▶ [Your objective]
From the line containing "Next: the cardboard box at [0, 68, 61, 96]." down to the last line of the material below, copy each line exactly and leave out the rest.
****************
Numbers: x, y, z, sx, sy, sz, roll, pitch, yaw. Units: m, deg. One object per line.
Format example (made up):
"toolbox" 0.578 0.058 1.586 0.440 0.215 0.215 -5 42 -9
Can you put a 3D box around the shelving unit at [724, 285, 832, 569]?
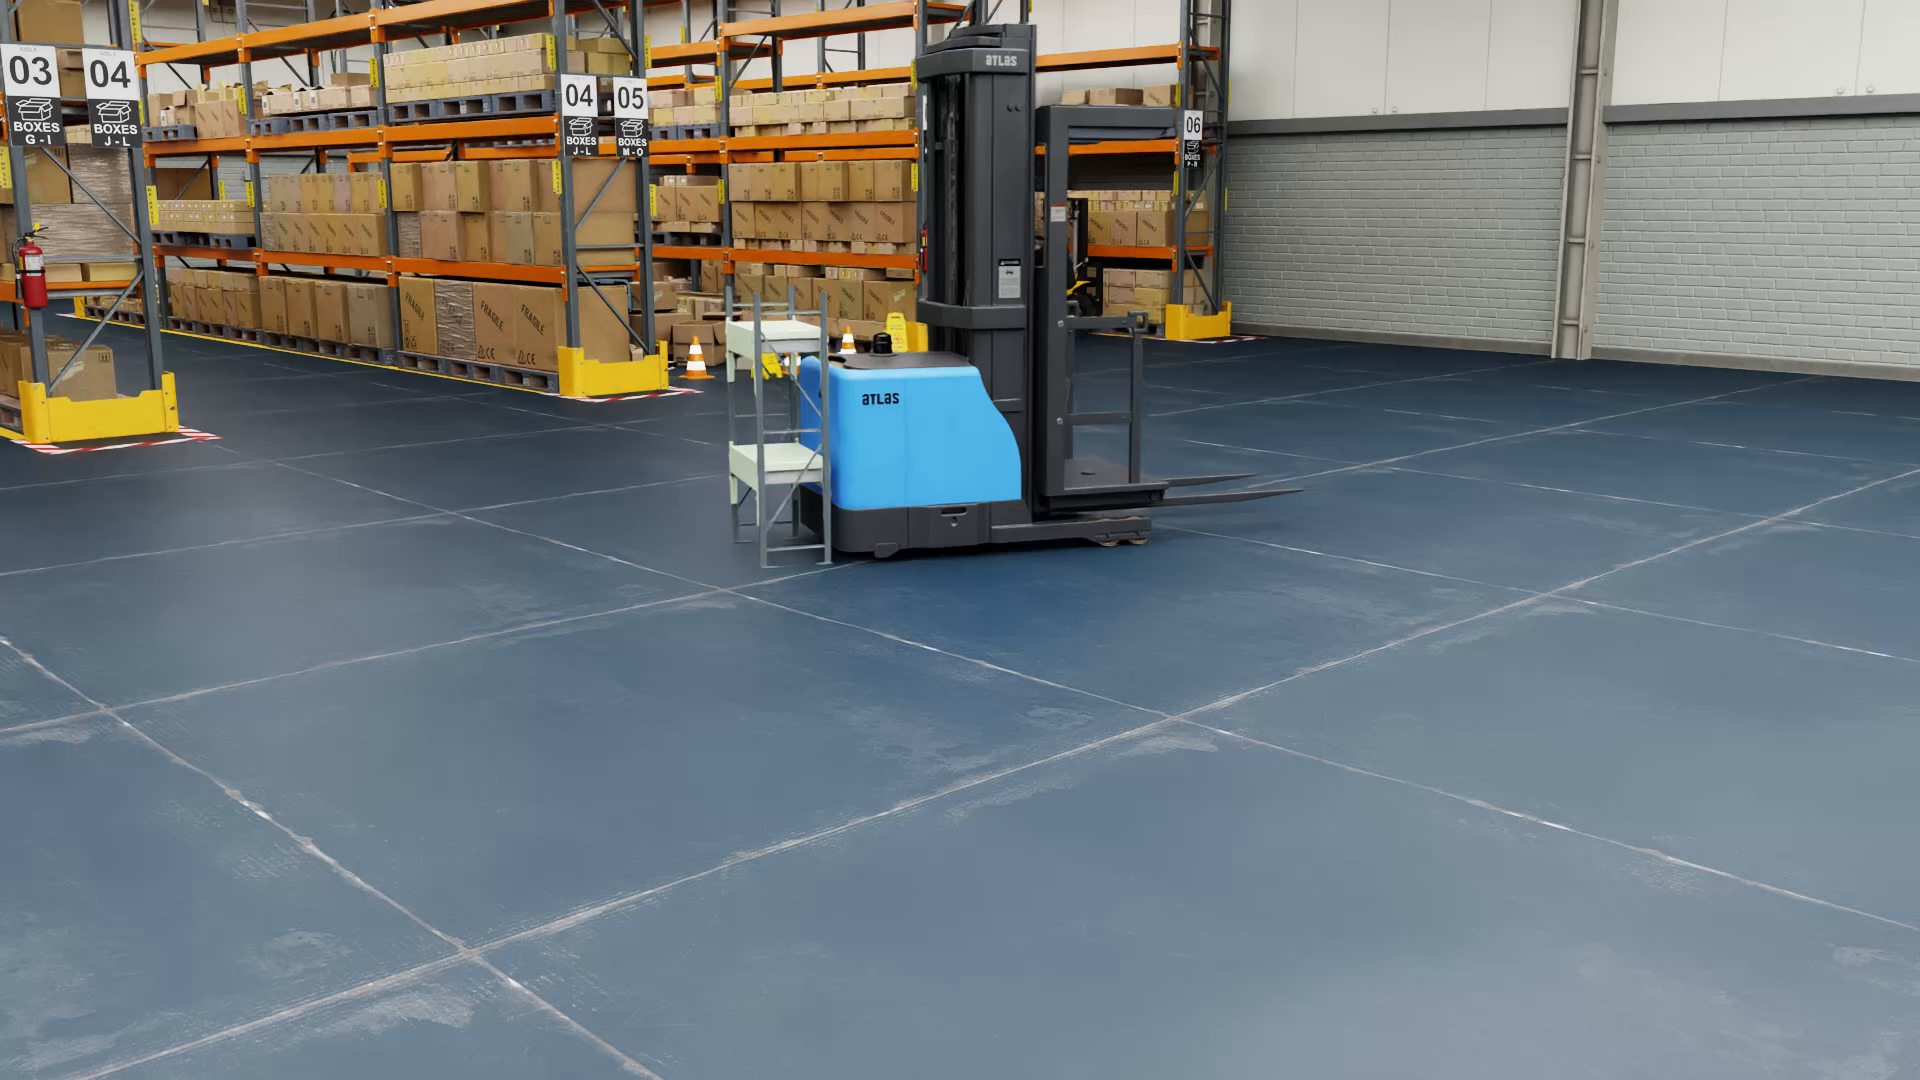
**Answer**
"shelving unit" -1.031 -0.659 9.392 0.431 1.500 0.755 -4 12 -19

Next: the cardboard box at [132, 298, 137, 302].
"cardboard box" -13.063 -3.901 26.699 0.380 0.149 0.250 -10 16 -41

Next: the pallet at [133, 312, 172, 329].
"pallet" -12.419 -3.512 26.437 1.003 0.211 1.213 -11 16 -43

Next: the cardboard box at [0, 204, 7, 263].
"cardboard box" -8.092 -2.692 14.561 0.875 0.500 0.500 -11 16 -43

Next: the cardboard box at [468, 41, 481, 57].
"cardboard box" -4.998 -5.213 17.703 0.380 0.149 0.250 -11 16 -43

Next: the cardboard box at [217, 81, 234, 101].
"cardboard box" -9.999 -6.190 22.944 0.396 0.266 0.258 -11 16 -43

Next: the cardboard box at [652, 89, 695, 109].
"cardboard box" -4.107 -6.381 24.108 0.500 0.250 0.500 -11 16 -42

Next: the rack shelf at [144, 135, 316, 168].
"rack shelf" -10.548 -5.610 24.057 1.077 0.370 4.000 -11 16 -43

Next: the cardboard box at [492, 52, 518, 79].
"cardboard box" -4.527 -4.935 17.346 0.500 0.250 0.500 -11 16 -42

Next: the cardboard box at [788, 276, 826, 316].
"cardboard box" -1.947 -3.272 22.275 0.500 0.500 0.500 -10 15 -40

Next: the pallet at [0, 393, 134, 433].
"pallet" -7.887 -1.126 14.854 1.003 0.211 1.213 -11 16 -43

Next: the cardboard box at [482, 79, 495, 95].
"cardboard box" -4.820 -4.784 17.601 0.380 0.149 0.250 -11 16 -43

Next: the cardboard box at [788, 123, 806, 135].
"cardboard box" -2.030 -5.388 21.820 0.380 0.149 0.250 -11 16 -44

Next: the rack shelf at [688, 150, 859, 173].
"rack shelf" -3.450 -7.007 30.836 1.077 0.370 4.000 -11 16 -43

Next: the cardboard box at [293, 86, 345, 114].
"cardboard box" -8.126 -5.597 21.144 0.500 0.311 0.500 -11 16 -44

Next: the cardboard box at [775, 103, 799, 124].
"cardboard box" -2.089 -5.612 21.919 0.500 0.250 0.500 -11 16 -42

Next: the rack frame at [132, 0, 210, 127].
"rack frame" -11.929 -7.723 25.098 1.000 3.000 0.127 -11 16 -43

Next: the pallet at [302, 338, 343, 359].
"pallet" -7.839 -2.532 21.678 1.003 0.211 1.213 -11 16 -43

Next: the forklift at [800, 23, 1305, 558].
"forklift" 0.605 -1.492 9.887 3.031 2.935 1.130 -4 12 -19

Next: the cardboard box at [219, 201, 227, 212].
"cardboard box" -10.009 -4.620 23.009 0.380 0.149 0.250 -11 16 -43

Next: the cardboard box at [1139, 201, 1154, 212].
"cardboard box" 2.815 -4.842 24.124 0.380 0.149 0.250 -11 16 -42

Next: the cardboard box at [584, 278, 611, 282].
"cardboard box" -6.074 -4.183 27.007 0.875 0.875 0.875 -11 16 -43

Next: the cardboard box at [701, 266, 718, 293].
"cardboard box" -4.660 -5.061 32.198 0.500 0.500 0.500 -10 15 -40

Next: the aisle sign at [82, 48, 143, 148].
"aisle sign" -7.040 -3.663 13.816 0.394 0.787 0.004 -11 16 -43

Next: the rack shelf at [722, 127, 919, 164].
"rack shelf" -1.513 -5.147 21.809 1.077 0.370 4.000 -11 16 -43

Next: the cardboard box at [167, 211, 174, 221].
"cardboard box" -11.451 -4.779 24.518 0.250 0.149 0.380 11 16 43

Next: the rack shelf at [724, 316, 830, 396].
"rack shelf" -1.031 -1.041 9.314 0.431 0.370 0.720 -4 12 -19

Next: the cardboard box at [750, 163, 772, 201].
"cardboard box" -2.410 -4.834 22.480 0.700 0.500 0.500 -11 16 -42

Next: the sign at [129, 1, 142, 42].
"sign" -6.907 -4.330 13.896 0.100 0.325 0.005 -11 16 -43

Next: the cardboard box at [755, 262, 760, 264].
"cardboard box" -3.622 -5.174 31.139 0.380 0.149 0.250 -11 16 -42

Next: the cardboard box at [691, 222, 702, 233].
"cardboard box" -3.619 -4.482 23.816 0.250 0.149 0.380 11 16 43

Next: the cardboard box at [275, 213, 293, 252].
"cardboard box" -8.699 -4.073 22.001 0.500 0.500 0.500 -11 16 -43

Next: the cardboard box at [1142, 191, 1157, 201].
"cardboard box" 2.863 -4.997 24.142 0.380 0.149 0.250 -11 16 -42

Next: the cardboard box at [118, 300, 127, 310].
"cardboard box" -13.483 -3.833 27.108 0.380 0.149 0.250 -11 16 -43

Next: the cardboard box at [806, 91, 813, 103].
"cardboard box" -1.780 -5.752 21.609 0.380 0.149 0.250 -10 16 -41

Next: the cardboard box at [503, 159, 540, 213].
"cardboard box" -4.317 -3.763 17.695 0.875 0.550 0.550 -11 16 -43

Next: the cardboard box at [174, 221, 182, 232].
"cardboard box" -11.276 -4.596 24.366 0.250 0.149 0.380 11 16 43

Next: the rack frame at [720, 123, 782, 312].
"rack frame" -2.894 -4.322 23.456 1.000 3.000 0.127 -11 16 -43

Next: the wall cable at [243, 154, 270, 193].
"wall cable" -15.092 -7.406 35.829 0.585 1.953 0.123 -11 16 -43

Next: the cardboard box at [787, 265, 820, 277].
"cardboard box" -2.095 -3.602 22.269 0.380 0.149 0.250 -10 15 -39

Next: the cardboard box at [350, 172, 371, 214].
"cardboard box" -7.109 -4.303 20.636 0.700 0.500 0.500 -11 16 -43

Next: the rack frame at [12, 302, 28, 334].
"rack frame" -10.062 -2.941 16.753 1.000 3.000 0.127 -11 16 -43

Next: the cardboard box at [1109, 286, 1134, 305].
"cardboard box" 2.555 -3.637 24.663 0.500 0.250 0.500 -11 16 -43

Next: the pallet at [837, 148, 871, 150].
"pallet" -1.536 -6.888 28.946 1.213 0.211 1.003 -10 15 -40

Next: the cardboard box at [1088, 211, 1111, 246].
"cardboard box" 2.220 -4.666 24.880 0.500 0.500 0.500 -11 16 -44

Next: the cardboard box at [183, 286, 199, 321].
"cardboard box" -11.244 -3.545 24.837 0.500 0.500 0.500 -10 15 -40

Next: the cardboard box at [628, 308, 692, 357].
"cardboard box" -3.828 -2.621 21.050 0.797 0.637 0.503 -11 16 -43

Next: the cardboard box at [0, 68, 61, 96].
"cardboard box" -7.816 -3.788 13.802 0.500 0.250 0.500 -10 16 -41

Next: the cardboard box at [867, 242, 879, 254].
"cardboard box" -0.962 -3.702 21.069 0.380 0.149 0.250 -11 16 -44

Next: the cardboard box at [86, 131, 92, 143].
"cardboard box" -13.841 -6.513 27.026 0.500 0.250 0.500 11 16 43

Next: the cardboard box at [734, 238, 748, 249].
"cardboard box" -2.909 -4.108 23.041 0.380 0.149 0.250 -11 16 -43

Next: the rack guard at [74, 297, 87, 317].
"rack guard" -14.639 -4.133 28.735 1.175 0.500 0.348 -11 16 -43

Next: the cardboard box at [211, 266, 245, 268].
"cardboard box" -11.232 -4.060 25.481 0.500 0.250 0.500 11 16 44

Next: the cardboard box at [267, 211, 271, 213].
"cardboard box" -9.545 -4.567 23.492 0.380 0.149 0.250 -10 15 -40

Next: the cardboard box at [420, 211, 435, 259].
"cardboard box" -5.745 -3.562 19.394 0.875 0.550 0.550 -11 16 -43

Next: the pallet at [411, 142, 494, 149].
"pallet" -8.976 -7.036 29.416 1.003 0.211 1.213 -11 16 -43
****************
▶ [Task answer]
Next: the cardboard box at [0, 68, 61, 96].
"cardboard box" -7.816 -3.788 13.802 0.500 0.250 0.500 -10 16 -41

Next: the cardboard box at [867, 242, 879, 254].
"cardboard box" -0.962 -3.702 21.069 0.380 0.149 0.250 -11 16 -44

Next: the cardboard box at [86, 131, 92, 143].
"cardboard box" -13.841 -6.513 27.026 0.500 0.250 0.500 11 16 43

Next: the cardboard box at [734, 238, 748, 249].
"cardboard box" -2.909 -4.108 23.041 0.380 0.149 0.250 -11 16 -43

Next: the rack guard at [74, 297, 87, 317].
"rack guard" -14.639 -4.133 28.735 1.175 0.500 0.348 -11 16 -43

Next: the cardboard box at [211, 266, 245, 268].
"cardboard box" -11.232 -4.060 25.481 0.500 0.250 0.500 11 16 44

Next: the cardboard box at [267, 211, 271, 213].
"cardboard box" -9.545 -4.567 23.492 0.380 0.149 0.250 -10 15 -40

Next: the cardboard box at [420, 211, 435, 259].
"cardboard box" -5.745 -3.562 19.394 0.875 0.550 0.550 -11 16 -43

Next: the pallet at [411, 142, 494, 149].
"pallet" -8.976 -7.036 29.416 1.003 0.211 1.213 -11 16 -43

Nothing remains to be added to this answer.